WORK TO COMPLETE: Within the entries that follow, show each line where the word "Coupes" occurs.

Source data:
□ □ □ □

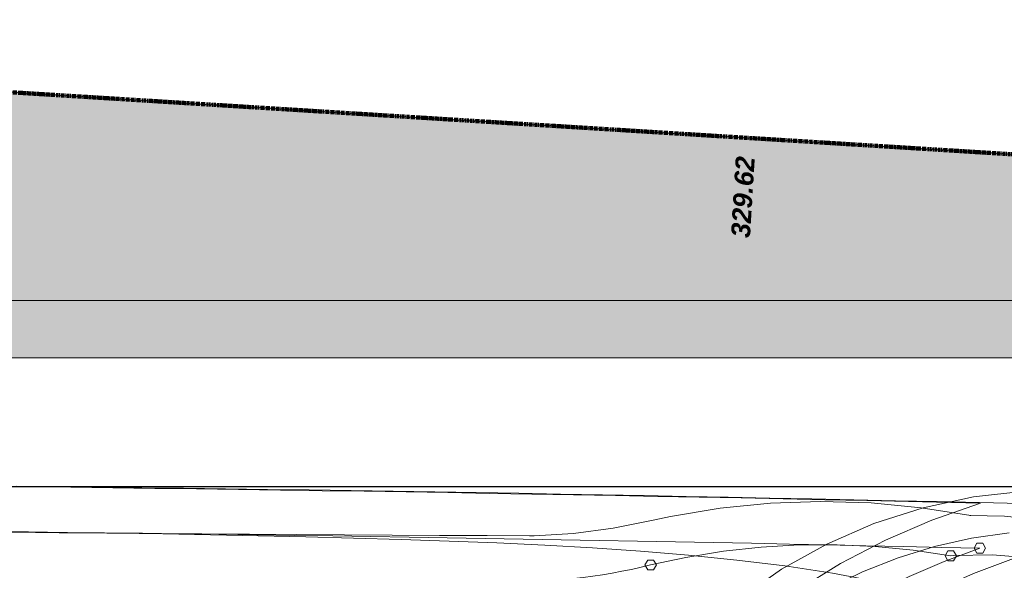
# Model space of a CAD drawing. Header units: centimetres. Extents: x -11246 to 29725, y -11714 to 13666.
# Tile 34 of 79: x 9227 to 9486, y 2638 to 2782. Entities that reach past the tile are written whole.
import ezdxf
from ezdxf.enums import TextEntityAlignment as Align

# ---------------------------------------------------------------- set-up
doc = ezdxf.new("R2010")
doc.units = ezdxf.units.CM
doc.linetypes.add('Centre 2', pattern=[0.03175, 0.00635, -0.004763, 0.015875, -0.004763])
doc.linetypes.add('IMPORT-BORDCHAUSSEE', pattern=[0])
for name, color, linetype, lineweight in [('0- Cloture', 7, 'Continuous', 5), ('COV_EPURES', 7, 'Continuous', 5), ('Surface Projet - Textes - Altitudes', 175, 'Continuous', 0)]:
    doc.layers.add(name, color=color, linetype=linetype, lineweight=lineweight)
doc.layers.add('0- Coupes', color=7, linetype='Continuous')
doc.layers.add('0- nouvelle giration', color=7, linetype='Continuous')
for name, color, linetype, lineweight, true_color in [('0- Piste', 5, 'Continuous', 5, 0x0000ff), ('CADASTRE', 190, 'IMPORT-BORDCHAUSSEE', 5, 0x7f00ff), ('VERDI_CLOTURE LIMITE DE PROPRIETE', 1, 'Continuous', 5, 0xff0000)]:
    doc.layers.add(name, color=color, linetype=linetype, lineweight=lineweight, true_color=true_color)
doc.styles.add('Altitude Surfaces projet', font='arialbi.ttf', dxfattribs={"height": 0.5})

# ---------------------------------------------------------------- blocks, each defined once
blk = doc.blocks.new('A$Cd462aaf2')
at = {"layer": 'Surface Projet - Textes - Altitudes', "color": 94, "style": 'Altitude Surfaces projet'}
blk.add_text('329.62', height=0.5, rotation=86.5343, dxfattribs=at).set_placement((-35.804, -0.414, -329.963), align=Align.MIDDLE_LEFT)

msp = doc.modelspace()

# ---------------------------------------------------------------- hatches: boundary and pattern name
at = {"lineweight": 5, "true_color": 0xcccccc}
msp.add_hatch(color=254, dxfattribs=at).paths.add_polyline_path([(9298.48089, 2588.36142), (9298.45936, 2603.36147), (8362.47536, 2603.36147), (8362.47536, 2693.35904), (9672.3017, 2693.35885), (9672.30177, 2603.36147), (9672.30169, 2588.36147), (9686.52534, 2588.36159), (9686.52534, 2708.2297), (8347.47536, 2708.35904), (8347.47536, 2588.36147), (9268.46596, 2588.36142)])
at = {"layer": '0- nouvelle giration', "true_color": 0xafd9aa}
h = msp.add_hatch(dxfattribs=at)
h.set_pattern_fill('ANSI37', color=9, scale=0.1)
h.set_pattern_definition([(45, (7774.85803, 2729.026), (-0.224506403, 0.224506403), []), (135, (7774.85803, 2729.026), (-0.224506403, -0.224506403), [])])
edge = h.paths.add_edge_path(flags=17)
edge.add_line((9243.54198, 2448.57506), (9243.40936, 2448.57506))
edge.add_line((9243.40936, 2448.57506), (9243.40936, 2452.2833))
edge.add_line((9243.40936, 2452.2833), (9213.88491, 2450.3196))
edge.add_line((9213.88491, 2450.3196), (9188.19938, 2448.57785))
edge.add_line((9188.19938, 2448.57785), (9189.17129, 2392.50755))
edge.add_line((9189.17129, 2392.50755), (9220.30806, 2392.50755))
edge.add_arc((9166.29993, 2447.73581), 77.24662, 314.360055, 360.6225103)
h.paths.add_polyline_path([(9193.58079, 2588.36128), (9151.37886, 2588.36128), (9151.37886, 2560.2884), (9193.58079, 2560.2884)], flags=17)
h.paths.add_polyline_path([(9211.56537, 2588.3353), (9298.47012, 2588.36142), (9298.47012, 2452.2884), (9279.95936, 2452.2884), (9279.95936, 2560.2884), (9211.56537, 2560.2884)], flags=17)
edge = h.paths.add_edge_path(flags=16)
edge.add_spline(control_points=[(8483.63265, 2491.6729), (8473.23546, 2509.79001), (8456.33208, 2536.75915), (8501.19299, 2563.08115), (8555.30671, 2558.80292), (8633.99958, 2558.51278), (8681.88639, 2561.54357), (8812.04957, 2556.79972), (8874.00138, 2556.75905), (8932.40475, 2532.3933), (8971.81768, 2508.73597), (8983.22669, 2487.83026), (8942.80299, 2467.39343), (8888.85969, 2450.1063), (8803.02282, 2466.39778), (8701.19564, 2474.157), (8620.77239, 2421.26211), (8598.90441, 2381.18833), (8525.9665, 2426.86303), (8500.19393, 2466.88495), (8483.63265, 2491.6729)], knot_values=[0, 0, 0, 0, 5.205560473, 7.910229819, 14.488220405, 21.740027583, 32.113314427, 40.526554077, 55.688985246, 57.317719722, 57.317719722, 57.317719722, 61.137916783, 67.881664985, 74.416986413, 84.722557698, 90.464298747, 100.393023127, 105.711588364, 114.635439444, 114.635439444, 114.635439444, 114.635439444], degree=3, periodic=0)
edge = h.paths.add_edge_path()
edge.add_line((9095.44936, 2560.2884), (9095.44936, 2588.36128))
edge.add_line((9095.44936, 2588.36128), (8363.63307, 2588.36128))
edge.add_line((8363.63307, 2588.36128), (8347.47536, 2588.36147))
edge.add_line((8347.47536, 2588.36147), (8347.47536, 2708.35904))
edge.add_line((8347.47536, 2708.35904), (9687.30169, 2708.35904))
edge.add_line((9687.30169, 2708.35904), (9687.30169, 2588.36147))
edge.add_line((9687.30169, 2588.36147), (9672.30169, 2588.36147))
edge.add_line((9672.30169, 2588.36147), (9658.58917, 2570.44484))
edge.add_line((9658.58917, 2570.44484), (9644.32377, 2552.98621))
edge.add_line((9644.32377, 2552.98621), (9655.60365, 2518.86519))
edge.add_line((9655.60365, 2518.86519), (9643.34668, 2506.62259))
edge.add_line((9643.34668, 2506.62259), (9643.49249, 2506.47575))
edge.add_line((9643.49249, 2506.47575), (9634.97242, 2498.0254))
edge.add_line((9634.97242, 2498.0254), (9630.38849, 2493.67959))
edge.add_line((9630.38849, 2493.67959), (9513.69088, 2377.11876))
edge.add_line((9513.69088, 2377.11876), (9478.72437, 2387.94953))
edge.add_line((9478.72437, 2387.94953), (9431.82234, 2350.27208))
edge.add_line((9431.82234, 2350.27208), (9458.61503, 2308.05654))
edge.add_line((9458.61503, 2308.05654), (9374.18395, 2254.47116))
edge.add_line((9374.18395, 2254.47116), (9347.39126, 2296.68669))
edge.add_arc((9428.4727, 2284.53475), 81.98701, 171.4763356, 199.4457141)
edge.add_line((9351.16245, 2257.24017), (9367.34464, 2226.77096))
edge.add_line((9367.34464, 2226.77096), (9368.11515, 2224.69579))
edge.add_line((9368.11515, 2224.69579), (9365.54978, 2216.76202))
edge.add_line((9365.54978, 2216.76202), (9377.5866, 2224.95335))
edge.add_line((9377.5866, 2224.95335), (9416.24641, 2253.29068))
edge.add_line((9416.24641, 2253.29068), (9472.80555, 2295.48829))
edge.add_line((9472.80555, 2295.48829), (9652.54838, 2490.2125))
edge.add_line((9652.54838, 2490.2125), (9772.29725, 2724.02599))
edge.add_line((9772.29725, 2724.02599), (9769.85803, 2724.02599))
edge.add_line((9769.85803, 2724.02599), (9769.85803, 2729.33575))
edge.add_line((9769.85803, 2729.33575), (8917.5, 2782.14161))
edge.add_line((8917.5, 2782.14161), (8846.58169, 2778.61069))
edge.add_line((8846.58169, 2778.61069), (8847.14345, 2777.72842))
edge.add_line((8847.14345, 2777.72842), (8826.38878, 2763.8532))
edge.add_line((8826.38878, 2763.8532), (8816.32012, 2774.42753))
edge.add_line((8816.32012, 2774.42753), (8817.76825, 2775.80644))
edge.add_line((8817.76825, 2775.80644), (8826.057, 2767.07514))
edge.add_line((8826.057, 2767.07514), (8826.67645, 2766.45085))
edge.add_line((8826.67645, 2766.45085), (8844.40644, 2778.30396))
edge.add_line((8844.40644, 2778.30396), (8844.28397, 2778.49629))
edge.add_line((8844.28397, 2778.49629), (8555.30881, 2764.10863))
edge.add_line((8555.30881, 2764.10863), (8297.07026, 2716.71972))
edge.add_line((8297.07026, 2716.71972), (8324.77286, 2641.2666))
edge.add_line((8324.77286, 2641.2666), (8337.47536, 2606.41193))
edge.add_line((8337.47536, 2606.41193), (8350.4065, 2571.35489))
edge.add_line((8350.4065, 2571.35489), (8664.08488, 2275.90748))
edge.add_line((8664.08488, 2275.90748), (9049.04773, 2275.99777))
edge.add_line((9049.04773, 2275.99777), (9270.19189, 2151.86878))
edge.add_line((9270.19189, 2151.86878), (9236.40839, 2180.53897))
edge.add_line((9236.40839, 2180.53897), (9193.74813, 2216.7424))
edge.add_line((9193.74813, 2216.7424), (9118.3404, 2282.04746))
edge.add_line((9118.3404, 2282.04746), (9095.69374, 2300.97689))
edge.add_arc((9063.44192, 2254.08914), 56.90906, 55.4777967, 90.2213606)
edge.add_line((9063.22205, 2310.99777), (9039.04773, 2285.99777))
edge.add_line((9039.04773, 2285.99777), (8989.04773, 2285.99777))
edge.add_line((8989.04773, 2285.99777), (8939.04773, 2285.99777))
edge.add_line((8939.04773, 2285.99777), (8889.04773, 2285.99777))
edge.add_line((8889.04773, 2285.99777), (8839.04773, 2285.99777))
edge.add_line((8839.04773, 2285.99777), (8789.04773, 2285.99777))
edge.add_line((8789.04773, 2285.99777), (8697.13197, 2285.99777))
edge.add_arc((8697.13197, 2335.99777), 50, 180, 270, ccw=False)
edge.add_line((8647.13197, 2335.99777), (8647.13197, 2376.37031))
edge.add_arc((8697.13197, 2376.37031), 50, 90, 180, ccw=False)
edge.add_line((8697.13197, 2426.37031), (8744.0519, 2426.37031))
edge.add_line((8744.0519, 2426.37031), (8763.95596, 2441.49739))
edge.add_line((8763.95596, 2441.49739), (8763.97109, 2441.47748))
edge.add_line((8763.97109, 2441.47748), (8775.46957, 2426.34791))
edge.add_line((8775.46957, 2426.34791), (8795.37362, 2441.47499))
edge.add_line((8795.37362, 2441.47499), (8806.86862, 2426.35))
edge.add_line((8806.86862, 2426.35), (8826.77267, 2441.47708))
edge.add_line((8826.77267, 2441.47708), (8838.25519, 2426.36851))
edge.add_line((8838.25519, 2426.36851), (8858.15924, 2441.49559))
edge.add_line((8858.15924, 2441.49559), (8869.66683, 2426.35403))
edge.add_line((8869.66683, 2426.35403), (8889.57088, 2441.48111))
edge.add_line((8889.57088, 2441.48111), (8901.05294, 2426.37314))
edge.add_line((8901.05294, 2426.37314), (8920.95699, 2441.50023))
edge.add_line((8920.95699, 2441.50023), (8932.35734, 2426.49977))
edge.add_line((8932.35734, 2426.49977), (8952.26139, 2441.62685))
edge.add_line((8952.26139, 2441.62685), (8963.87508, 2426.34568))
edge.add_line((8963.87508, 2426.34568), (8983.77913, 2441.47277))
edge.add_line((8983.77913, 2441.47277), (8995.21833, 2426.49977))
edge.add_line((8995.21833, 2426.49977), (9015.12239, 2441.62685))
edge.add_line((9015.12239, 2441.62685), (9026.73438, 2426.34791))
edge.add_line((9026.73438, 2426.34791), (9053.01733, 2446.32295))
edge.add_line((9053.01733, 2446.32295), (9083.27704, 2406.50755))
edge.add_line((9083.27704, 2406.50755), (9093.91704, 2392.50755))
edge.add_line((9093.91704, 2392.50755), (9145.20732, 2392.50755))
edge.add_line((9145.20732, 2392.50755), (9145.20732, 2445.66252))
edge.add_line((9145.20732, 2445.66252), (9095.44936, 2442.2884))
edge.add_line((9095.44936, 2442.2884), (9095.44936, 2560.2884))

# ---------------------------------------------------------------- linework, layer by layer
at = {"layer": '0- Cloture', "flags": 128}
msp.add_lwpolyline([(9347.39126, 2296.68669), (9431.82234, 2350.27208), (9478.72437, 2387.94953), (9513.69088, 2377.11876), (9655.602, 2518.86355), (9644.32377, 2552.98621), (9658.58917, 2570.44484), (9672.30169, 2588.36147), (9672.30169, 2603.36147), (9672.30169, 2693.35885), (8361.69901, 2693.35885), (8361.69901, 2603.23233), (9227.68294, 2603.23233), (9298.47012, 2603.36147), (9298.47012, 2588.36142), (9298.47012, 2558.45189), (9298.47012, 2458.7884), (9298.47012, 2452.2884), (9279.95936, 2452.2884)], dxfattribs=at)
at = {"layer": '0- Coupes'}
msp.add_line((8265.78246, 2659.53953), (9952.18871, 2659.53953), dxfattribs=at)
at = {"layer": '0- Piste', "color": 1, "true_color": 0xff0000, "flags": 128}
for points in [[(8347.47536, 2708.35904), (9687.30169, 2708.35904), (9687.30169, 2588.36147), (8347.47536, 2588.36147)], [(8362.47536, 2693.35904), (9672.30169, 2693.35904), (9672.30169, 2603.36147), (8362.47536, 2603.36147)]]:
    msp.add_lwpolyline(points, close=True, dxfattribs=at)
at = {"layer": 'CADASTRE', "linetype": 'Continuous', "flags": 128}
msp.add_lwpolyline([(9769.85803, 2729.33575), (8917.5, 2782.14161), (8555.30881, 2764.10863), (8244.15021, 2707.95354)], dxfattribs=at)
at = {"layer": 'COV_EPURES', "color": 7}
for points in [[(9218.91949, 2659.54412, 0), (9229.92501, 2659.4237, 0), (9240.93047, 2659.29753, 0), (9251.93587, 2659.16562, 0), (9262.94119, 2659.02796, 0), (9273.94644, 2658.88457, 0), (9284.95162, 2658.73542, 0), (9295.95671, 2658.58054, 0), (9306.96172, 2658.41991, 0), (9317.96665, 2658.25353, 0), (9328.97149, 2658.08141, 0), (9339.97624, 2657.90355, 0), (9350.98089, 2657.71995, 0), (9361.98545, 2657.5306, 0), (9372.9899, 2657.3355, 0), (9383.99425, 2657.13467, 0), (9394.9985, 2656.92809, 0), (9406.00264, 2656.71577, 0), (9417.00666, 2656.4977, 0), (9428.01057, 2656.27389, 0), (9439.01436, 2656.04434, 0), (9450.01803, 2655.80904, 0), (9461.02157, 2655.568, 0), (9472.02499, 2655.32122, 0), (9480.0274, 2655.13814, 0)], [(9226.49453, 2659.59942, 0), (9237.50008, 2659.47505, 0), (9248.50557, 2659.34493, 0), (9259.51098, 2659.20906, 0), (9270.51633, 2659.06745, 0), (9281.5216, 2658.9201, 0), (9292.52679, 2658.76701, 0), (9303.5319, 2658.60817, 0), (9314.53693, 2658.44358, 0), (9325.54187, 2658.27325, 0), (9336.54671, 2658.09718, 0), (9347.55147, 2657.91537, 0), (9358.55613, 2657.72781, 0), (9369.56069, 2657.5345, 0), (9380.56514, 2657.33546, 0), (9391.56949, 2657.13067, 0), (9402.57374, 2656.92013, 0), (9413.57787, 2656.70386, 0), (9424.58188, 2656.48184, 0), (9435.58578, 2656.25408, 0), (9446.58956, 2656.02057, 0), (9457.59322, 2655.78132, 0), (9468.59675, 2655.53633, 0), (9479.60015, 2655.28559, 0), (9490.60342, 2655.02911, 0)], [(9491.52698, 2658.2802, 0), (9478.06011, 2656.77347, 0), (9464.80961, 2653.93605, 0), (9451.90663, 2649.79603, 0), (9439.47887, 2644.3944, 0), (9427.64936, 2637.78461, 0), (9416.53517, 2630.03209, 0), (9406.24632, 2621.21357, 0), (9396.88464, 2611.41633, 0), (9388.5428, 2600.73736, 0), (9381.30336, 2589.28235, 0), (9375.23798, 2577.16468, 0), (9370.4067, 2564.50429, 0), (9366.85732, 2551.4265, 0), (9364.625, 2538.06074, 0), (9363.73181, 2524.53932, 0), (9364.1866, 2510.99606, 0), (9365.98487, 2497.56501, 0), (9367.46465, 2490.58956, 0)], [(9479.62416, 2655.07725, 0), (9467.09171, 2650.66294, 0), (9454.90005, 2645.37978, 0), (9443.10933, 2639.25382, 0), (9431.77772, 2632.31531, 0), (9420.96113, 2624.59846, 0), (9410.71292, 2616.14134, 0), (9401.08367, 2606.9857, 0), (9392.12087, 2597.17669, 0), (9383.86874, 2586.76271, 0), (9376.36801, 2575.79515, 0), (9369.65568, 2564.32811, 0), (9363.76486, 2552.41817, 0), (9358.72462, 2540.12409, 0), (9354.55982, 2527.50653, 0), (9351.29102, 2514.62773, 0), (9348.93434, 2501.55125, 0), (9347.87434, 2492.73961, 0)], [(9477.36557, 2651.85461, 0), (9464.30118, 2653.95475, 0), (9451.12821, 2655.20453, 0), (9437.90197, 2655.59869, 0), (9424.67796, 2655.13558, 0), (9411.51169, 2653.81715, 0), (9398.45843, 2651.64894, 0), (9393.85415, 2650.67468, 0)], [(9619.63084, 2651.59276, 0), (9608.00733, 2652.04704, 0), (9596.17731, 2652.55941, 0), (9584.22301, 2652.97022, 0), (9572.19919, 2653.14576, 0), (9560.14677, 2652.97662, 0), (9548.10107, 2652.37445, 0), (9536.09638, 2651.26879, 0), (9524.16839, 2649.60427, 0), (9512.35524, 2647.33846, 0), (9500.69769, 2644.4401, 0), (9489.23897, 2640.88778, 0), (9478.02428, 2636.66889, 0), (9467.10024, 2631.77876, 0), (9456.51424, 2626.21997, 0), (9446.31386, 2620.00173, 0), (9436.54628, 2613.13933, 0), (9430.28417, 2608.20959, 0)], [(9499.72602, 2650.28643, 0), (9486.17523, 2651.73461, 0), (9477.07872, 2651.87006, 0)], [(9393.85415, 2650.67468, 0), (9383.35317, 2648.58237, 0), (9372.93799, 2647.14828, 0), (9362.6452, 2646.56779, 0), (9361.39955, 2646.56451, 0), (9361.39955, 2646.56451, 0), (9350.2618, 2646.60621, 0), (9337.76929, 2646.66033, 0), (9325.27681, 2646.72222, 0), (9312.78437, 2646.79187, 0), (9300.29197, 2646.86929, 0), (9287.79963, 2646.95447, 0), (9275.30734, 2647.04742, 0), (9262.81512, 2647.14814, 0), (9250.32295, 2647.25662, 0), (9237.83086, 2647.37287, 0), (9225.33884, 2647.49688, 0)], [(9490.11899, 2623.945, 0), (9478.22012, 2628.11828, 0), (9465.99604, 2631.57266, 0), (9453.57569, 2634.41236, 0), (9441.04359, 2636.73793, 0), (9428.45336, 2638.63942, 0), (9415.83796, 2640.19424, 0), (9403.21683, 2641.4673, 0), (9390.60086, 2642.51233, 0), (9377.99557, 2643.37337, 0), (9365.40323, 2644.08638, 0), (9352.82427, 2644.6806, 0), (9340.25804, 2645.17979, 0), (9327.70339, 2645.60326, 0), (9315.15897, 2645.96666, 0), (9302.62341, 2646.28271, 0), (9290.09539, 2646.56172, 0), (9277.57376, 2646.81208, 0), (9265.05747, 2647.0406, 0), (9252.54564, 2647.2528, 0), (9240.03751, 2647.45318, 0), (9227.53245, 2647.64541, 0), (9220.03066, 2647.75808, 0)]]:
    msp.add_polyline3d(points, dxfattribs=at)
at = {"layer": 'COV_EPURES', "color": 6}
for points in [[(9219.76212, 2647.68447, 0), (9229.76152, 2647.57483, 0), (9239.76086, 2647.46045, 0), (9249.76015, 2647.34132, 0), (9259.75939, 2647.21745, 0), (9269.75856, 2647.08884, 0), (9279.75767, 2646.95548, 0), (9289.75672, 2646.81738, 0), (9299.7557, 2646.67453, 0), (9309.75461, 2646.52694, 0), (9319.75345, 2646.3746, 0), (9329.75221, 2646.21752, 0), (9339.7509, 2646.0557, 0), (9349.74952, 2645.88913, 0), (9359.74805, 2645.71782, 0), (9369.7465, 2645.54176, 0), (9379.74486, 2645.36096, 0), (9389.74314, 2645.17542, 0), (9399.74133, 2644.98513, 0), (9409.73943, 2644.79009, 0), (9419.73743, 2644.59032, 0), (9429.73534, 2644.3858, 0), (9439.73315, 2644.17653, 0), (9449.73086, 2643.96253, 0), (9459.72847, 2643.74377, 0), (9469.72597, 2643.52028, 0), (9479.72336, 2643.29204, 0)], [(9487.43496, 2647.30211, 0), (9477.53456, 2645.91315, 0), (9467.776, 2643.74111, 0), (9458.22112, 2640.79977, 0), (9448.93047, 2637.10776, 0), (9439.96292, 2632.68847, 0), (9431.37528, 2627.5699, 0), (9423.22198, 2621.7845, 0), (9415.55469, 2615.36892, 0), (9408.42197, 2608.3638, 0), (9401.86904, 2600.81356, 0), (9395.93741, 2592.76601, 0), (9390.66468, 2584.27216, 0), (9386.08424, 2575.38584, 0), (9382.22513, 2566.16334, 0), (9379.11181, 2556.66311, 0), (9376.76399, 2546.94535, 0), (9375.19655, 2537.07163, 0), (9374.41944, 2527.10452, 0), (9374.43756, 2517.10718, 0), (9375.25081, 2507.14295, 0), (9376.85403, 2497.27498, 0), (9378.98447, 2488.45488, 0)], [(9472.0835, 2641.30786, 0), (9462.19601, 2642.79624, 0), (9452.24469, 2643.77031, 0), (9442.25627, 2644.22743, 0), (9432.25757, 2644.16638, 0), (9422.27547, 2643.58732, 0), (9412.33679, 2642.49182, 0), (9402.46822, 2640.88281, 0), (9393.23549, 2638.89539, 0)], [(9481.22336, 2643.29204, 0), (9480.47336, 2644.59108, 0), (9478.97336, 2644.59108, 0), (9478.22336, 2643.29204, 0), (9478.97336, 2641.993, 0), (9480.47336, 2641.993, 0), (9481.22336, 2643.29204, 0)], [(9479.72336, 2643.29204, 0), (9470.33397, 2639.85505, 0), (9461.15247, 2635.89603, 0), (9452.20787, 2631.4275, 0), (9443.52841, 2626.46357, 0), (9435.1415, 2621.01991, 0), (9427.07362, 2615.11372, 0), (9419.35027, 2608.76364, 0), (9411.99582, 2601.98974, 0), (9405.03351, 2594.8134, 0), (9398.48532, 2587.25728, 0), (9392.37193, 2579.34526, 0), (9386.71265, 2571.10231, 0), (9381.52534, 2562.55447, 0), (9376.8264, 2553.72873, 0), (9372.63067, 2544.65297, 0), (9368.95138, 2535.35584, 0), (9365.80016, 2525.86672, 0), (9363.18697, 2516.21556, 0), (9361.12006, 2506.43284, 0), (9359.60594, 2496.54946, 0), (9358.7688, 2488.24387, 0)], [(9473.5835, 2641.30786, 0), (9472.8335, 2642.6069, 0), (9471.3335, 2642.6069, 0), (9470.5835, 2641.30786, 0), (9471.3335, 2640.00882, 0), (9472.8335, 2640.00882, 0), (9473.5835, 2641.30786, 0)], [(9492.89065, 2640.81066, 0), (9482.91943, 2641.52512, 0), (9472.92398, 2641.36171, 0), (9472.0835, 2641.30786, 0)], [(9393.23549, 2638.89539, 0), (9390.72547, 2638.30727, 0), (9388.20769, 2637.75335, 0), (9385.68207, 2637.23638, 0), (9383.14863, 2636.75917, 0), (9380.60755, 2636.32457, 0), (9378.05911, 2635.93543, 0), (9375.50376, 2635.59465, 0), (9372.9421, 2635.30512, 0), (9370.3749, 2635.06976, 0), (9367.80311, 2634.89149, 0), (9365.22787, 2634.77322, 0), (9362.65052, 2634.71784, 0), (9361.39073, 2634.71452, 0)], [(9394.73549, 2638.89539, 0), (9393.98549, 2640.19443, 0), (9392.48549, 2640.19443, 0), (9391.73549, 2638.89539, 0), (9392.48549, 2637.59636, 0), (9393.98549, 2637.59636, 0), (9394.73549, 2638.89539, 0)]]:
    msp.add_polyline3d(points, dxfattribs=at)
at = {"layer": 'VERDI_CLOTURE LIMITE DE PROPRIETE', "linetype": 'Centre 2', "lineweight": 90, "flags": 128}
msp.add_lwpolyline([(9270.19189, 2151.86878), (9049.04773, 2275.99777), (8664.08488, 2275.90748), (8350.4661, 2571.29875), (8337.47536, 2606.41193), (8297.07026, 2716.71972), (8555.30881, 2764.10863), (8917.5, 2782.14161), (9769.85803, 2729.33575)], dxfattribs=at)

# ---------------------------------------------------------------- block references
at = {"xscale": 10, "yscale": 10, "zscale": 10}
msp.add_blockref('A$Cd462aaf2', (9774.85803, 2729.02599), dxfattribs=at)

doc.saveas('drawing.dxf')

□ □ □ □

OUTPUT OF THE EXERCISE:
doc.layers.add('0- Coupes', color=7, linetype='Continuous')
at = {"layer": '0- Coupes'}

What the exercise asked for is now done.